▶ _Supplied records_

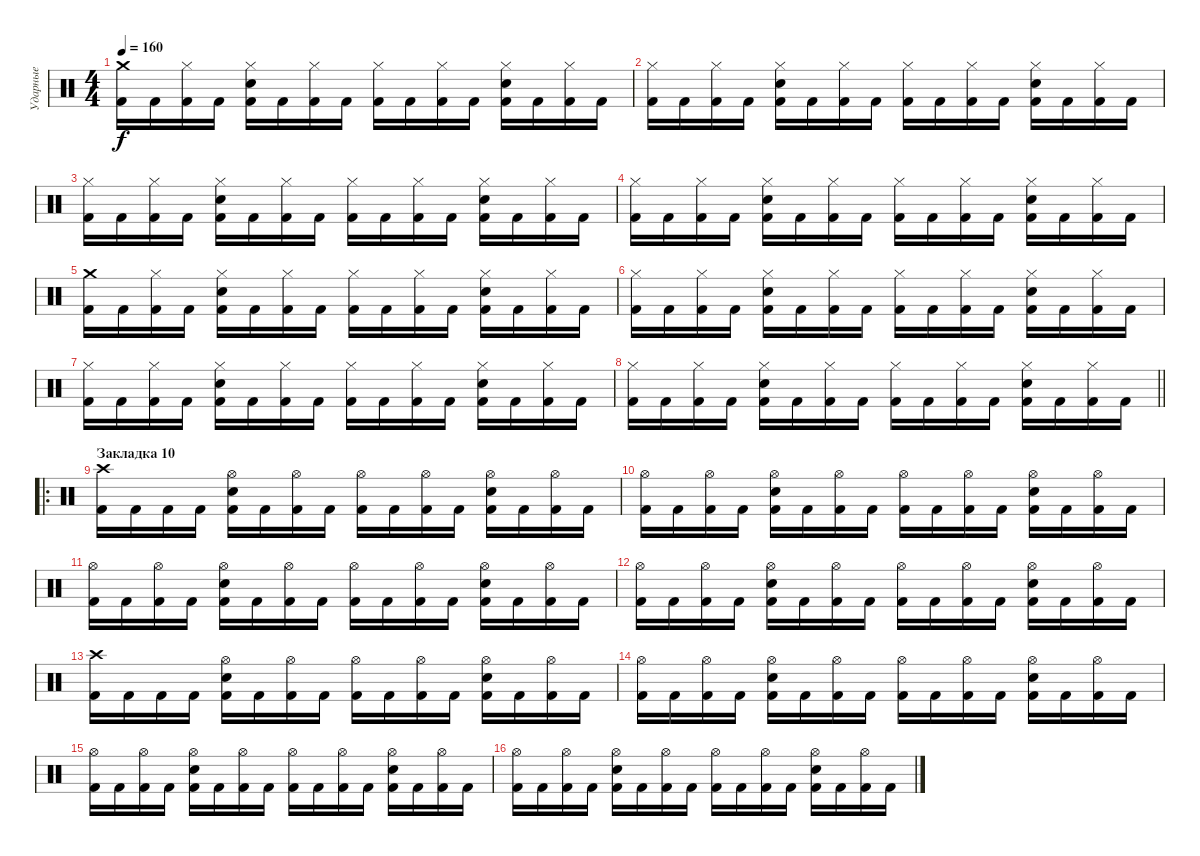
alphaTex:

\track ("Ударные" "Ударные") {instrument percussion}
\staff {score}
\articulation defaults
\ts (4 4)
\tempo 160
\clef neutral
\ks c
("Crash medium (hit)" "Kick (hit) 2").16{dy f} "Kick (hit) 2".16 ("Hi-Hat (closed)" "Kick (hit) 2").16 "Kick (hit) 2".16 ("Electric Snare (hit)" "Hi-Hat (closed)" "Kick (hit) 2").16 "Kick (hit) 2".16 ("Hi-Hat (closed)" "Kick (hit) 2").16 "Kick (hit) 2".16 ("Hi-Hat (closed)" "Kick (hit) 2").16 "Kick (hit) 2".16 ("Hi-Hat (closed)" "Kick (hit) 2").16 "Kick (hit) 2".16 ("Electric Snare (hit)" "Hi-Hat (closed)" "Kick (hit) 2").16 "Kick (hit) 2".16 ("Hi-Hat (closed)" "Kick (hit) 2").16 "Kick (hit) 2".16 |
("Hi-Hat (closed)" "Kick (hit) 2").16 "Kick (hit) 2".16 ("Hi-Hat (closed)" "Kick (hit) 2").16 "Kick (hit) 2".16 ("Electric Snare (hit)" "Hi-Hat (closed)" "Kick (hit) 2").16 "Kick (hit) 2".16 ("Hi-Hat (closed)" "Kick (hit) 2").16 "Kick (hit) 2".16 ("Hi-Hat (closed)" "Kick (hit) 2").16 "Kick (hit) 2".16 ("Hi-Hat (closed)" "Kick (hit) 2").16 "Kick (hit) 2".16 ("Electric Snare (hit)" "Hi-Hat (closed)" "Kick (hit) 2").16 "Kick (hit) 2".16 ("Hi-Hat (closed)" "Kick (hit) 2").16 "Kick (hit) 2".16 |
("Hi-Hat (closed)" "Kick (hit) 2").16 "Kick (hit) 2".16 ("Hi-Hat (closed)" "Kick (hit) 2").16 "Kick (hit) 2".16 ("Electric Snare (hit)" "Hi-Hat (closed)" "Kick (hit) 2").16 "Kick (hit) 2".16 ("Hi-Hat (closed)" "Kick (hit) 2").16 "Kick (hit) 2".16 ("Hi-Hat (closed)" "Kick (hit) 2").16 "Kick (hit) 2".16 ("Hi-Hat (closed)" "Kick (hit) 2").16 "Kick (hit) 2".16 ("Electric Snare (hit)" "Hi-Hat (closed)" "Kick (hit) 2").16 "Kick (hit) 2".16 ("Hi-Hat (closed)" "Kick (hit) 2").16 "Kick (hit) 2".16 |
("Hi-Hat (closed)" "Kick (hit) 2").16 "Kick (hit) 2".16 ("Hi-Hat (closed)" "Kick (hit) 2").16 "Kick (hit) 2".16 ("Electric Snare (hit)" "Hi-Hat (closed)" "Kick (hit) 2").16 "Kick (hit) 2".16 ("Hi-Hat (closed)" "Kick (hit) 2").16 "Kick (hit) 2".16 ("Hi-Hat (closed)" "Kick (hit) 2").16 "Kick (hit) 2".16 ("Hi-Hat (closed)" "Kick (hit) 2").16 "Kick (hit) 2".16 ("Electric Snare (hit)" "Hi-Hat (closed)" "Kick (hit) 2").16 "Kick (hit) 2".16 ("Hi-Hat (closed)" "Kick (hit) 2").16 "Kick (hit) 2".16 |
("Crash medium (hit)" "Kick (hit) 2").16 "Kick (hit) 2".16 ("Hi-Hat (closed)" "Kick (hit) 2").16 "Kick (hit) 2".16 ("Electric Snare (hit)" "Hi-Hat (closed)" "Kick (hit) 2").16 "Kick (hit) 2".16 ("Hi-Hat (closed)" "Kick (hit) 2").16 "Kick (hit) 2".16 ("Hi-Hat (closed)" "Kick (hit) 2").16 "Kick (hit) 2".16 ("Hi-Hat (closed)" "Kick (hit) 2").16 "Kick (hit) 2".16 ("Electric Snare (hit)" "Hi-Hat (closed)" "Kick (hit) 2").16 "Kick (hit) 2".16 ("Hi-Hat (closed)" "Kick (hit) 2").16 "Kick (hit) 2".16 |
("Hi-Hat (closed)" "Kick (hit) 2").16 "Kick (hit) 2".16 ("Hi-Hat (closed)" "Kick (hit) 2").16 "Kick (hit) 2".16 ("Electric Snare (hit)" "Hi-Hat (closed)" "Kick (hit) 2").16 "Kick (hit) 2".16 ("Hi-Hat (closed)" "Kick (hit) 2").16 "Kick (hit) 2".16 ("Hi-Hat (closed)" "Kick (hit) 2").16 "Kick (hit) 2".16 ("Hi-Hat (closed)" "Kick (hit) 2").16 "Kick (hit) 2".16 ("Electric Snare (hit)" "Hi-Hat (closed)" "Kick (hit) 2").16 "Kick (hit) 2".16 ("Hi-Hat (closed)" "Kick (hit) 2").16 "Kick (hit) 2".16 |
("Hi-Hat (closed)" "Kick (hit) 2").16 "Kick (hit) 2".16 ("Hi-Hat (closed)" "Kick (hit) 2").16 "Kick (hit) 2".16 ("Electric Snare (hit)" "Hi-Hat (closed)" "Kick (hit) 2").16 "Kick (hit) 2".16 ("Hi-Hat (closed)" "Kick (hit) 2").16 "Kick (hit) 2".16 ("Hi-Hat (closed)" "Kick (hit) 2").16 "Kick (hit) 2".16 ("Hi-Hat (closed)" "Kick (hit) 2").16 "Kick (hit) 2".16 ("Electric Snare (hit)" "Hi-Hat (closed)" "Kick (hit) 2").16 "Kick (hit) 2".16 ("Hi-Hat (closed)" "Kick (hit) 2").16 "Kick (hit) 2".16 |
\barLineRight lightlight
("Hi-Hat (closed)" "Kick (hit) 2").16 "Kick (hit) 2".16 ("Hi-Hat (closed)" "Kick (hit) 2").16 "Kick (hit) 2".16 ("Electric Snare (hit)" "Hi-Hat (closed)" "Kick (hit) 2").16 "Kick (hit) 2".16 ("Hi-Hat (closed)" "Kick (hit) 2").16 "Kick (hit) 2".16 ("Hi-Hat (closed)" "Kick (hit) 2").16 "Kick (hit) 2".16 ("Hi-Hat (closed)" "Kick (hit) 2").16 "Kick (hit) 2".16 ("Electric Snare (hit)" "Hi-Hat (closed)" "Kick (hit) 2").16 "Kick (hit) 2".16 ("Hi-Hat (closed)" "Kick (hit) 2").16 "Kick (hit) 2".16 |
\ro
\section ("" "Закладка 10")
("Crash high (hit)" "Kick (hit) 2").16 "Kick (hit) 2".16 "Kick (hit) 2".16 "Kick (hit) 2".16 ("Electric Snare (hit)" "Hi-Hat (open)" "Kick (hit) 2").16 "Kick (hit) 2".16 ("Hi-Hat (open)" "Kick (hit) 2").16 "Kick (hit) 2".16 ("Hi-Hat (open)" "Kick (hit) 2").16 "Kick (hit) 2".16 ("Hi-Hat (open)" "Kick (hit) 2").16 "Kick (hit) 2".16 ("Electric Snare (hit)" "Hi-Hat (open)" "Kick (hit) 2").16 "Kick (hit) 2".16 ("Hi-Hat (open)" "Kick (hit) 2").16 "Kick (hit) 2".16 |
("Hi-Hat (open)" "Kick (hit) 2").16 "Kick (hit) 2".16 ("Hi-Hat (open)" "Kick (hit) 2").16 "Kick (hit) 2".16 ("Electric Snare (hit)" "Hi-Hat (open)" "Kick (hit) 2").16 "Kick (hit) 2".16 ("Hi-Hat (open)" "Kick (hit) 2").16 "Kick (hit) 2".16 ("Hi-Hat (open)" "Kick (hit) 2").16 "Kick (hit) 2".16 ("Hi-Hat (open)" "Kick (hit) 2").16 "Kick (hit) 2".16 ("Electric Snare (hit)" "Hi-Hat (open)" "Kick (hit) 2").16 "Kick (hit) 2".16 ("Hi-Hat (open)" "Kick (hit) 2").16 "Kick (hit) 2".16 |
("Hi-Hat (open)" "Kick (hit) 2").16 "Kick (hit) 2".16 ("Hi-Hat (open)" "Kick (hit) 2").16 "Kick (hit) 2".16 ("Electric Snare (hit)" "Hi-Hat (open)" "Kick (hit) 2").16 "Kick (hit) 2".16 ("Hi-Hat (open)" "Kick (hit) 2").16 "Kick (hit) 2".16 ("Hi-Hat (open)" "Kick (hit) 2").16 "Kick (hit) 2".16 ("Hi-Hat (open)" "Kick (hit) 2").16 "Kick (hit) 2".16 ("Electric Snare (hit)" "Hi-Hat (open)" "Kick (hit) 2").16 "Kick (hit) 2".16 ("Hi-Hat (open)" "Kick (hit) 2").16 "Kick (hit) 2".16 |
("Hi-Hat (open)" "Kick (hit) 2").16 "Kick (hit) 2".16 ("Hi-Hat (open)" "Kick (hit) 2").16 "Kick (hit) 2".16 ("Electric Snare (hit)" "Hi-Hat (open)" "Kick (hit) 2").16 "Kick (hit) 2".16 ("Hi-Hat (open)" "Kick (hit) 2").16 "Kick (hit) 2".16 ("Hi-Hat (open)" "Kick (hit) 2").16 "Kick (hit) 2".16 ("Hi-Hat (open)" "Kick (hit) 2").16 "Kick (hit) 2".16 ("Electric Snare (hit)" "Hi-Hat (open)" "Kick (hit) 2").16 "Kick (hit) 2".16 ("Hi-Hat (open)" "Kick (hit) 2").16 "Kick (hit) 2".16 |
("Crash high (hit)" "Kick (hit) 2").16 "Kick (hit) 2".16 "Kick (hit) 2".16 "Kick (hit) 2".16 ("Electric Snare (hit)" "Hi-Hat (open)" "Kick (hit) 2").16 "Kick (hit) 2".16 ("Hi-Hat (open)" "Kick (hit) 2").16 "Kick (hit) 2".16 ("Hi-Hat (open)" "Kick (hit) 2").16 "Kick (hit) 2".16 ("Hi-Hat (open)" "Kick (hit) 2").16 "Kick (hit) 2".16 ("Electric Snare (hit)" "Hi-Hat (open)" "Kick (hit) 2").16 "Kick (hit) 2".16 ("Hi-Hat (open)" "Kick (hit) 2").16 "Kick (hit) 2".16 |
("Hi-Hat (open)" "Kick (hit) 2").16 "Kick (hit) 2".16 ("Hi-Hat (open)" "Kick (hit) 2").16 "Kick (hit) 2".16 ("Electric Snare (hit)" "Hi-Hat (open)" "Kick (hit) 2").16 "Kick (hit) 2".16 ("Hi-Hat (open)" "Kick (hit) 2").16 "Kick (hit) 2".16 ("Hi-Hat (open)" "Kick (hit) 2").16 "Kick (hit) 2".16 ("Hi-Hat (open)" "Kick (hit) 2").16 "Kick (hit) 2".16 ("Electric Snare (hit)" "Hi-Hat (open)" "Kick (hit) 2").16 "Kick (hit) 2".16 ("Hi-Hat (open)" "Kick (hit) 2").16 "Kick (hit) 2".16 |
("Hi-Hat (open)" "Kick (hit) 2").16 "Kick (hit) 2".16 ("Hi-Hat (open)" "Kick (hit) 2").16 "Kick (hit) 2".16 ("Electric Snare (hit)" "Hi-Hat (open)" "Kick (hit) 2").16 "Kick (hit) 2".16 ("Hi-Hat (open)" "Kick (hit) 2").16 "Kick (hit) 2".16 ("Hi-Hat (open)" "Kick (hit) 2").16 "Kick (hit) 2".16 ("Hi-Hat (open)" "Kick (hit) 2").16 "Kick (hit) 2".16 ("Electric Snare (hit)" "Hi-Hat (open)" "Kick (hit) 2").16 "Kick (hit) 2".16 ("Hi-Hat (open)" "Kick (hit) 2").16 "Kick (hit) 2".16 |
("Hi-Hat (open)" "Kick (hit) 2").16 "Kick (hit) 2".16 ("Hi-Hat (open)" "Kick (hit) 2").16 "Kick (hit) 2".16 ("Electric Snare (hit)" "Hi-Hat (open)" "Kick (hit) 2").16 "Kick (hit) 2".16 ("Hi-Hat (open)" "Kick (hit) 2").16 "Kick (hit) 2".16 ("Hi-Hat (open)" "Kick (hit) 2").16 "Kick (hit) 2".16 ("Hi-Hat (open)" "Kick (hit) 2").16 "Kick (hit) 2".16 ("Electric Snare (hit)" "Hi-Hat (open)" "Kick (hit) 2").16 "Kick (hit) 2".16 ("Hi-Hat (open)" "Kick (hit) 2").16 "Kick (hit) 2".16

▶ _Exercise details_
Reproduce each line of the material that mentions "medium".

▶ _The answer_
("Crash medium (hit)" "Kick (hit) 2").16{dy f} "Kick (hit) 2".16 ("Hi-Hat (closed)" "Kick (hit) 2").16 "Kick (hit) 2".16 ("Electric Snare (hit)" "Hi-Hat (closed)" "Kick (hit) 2").16 "Kick (hit) 2".16 ("Hi-Hat (closed)" "Kick (hit) 2").16 "Kick (hit) 2".16 ("Hi-Hat (closed)" "Kick (hit) 2").16 "Kick (hit) 2".16 ("Hi-Hat (closed)" "Kick (hit) 2").16 "Kick (hit) 2".16 ("Electric Snare (hit)" "Hi-Hat (closed)" "Kick (hit) 2").16 "Kick (hit) 2".16 ("Hi-Hat (closed)" "Kick (hit) 2").16 "Kick (hit) 2".16 |
("Crash medium (hit)" "Kick (hit) 2").16 "Kick (hit) 2".16 ("Hi-Hat (closed)" "Kick (hit) 2").16 "Kick (hit) 2".16 ("Electric Snare (hit)" "Hi-Hat (closed)" "Kick (hit) 2").16 "Kick (hit) 2".16 ("Hi-Hat (closed)" "Kick (hit) 2").16 "Kick (hit) 2".16 ("Hi-Hat (closed)" "Kick (hit) 2").16 "Kick (hit) 2".16 ("Hi-Hat (closed)" "Kick (hit) 2").16 "Kick (hit) 2".16 ("Electric Snare (hit)" "Hi-Hat (closed)" "Kick (hit) 2").16 "Kick (hit) 2".16 ("Hi-Hat (closed)" "Kick (hit) 2").16 "Kick (hit) 2".16 |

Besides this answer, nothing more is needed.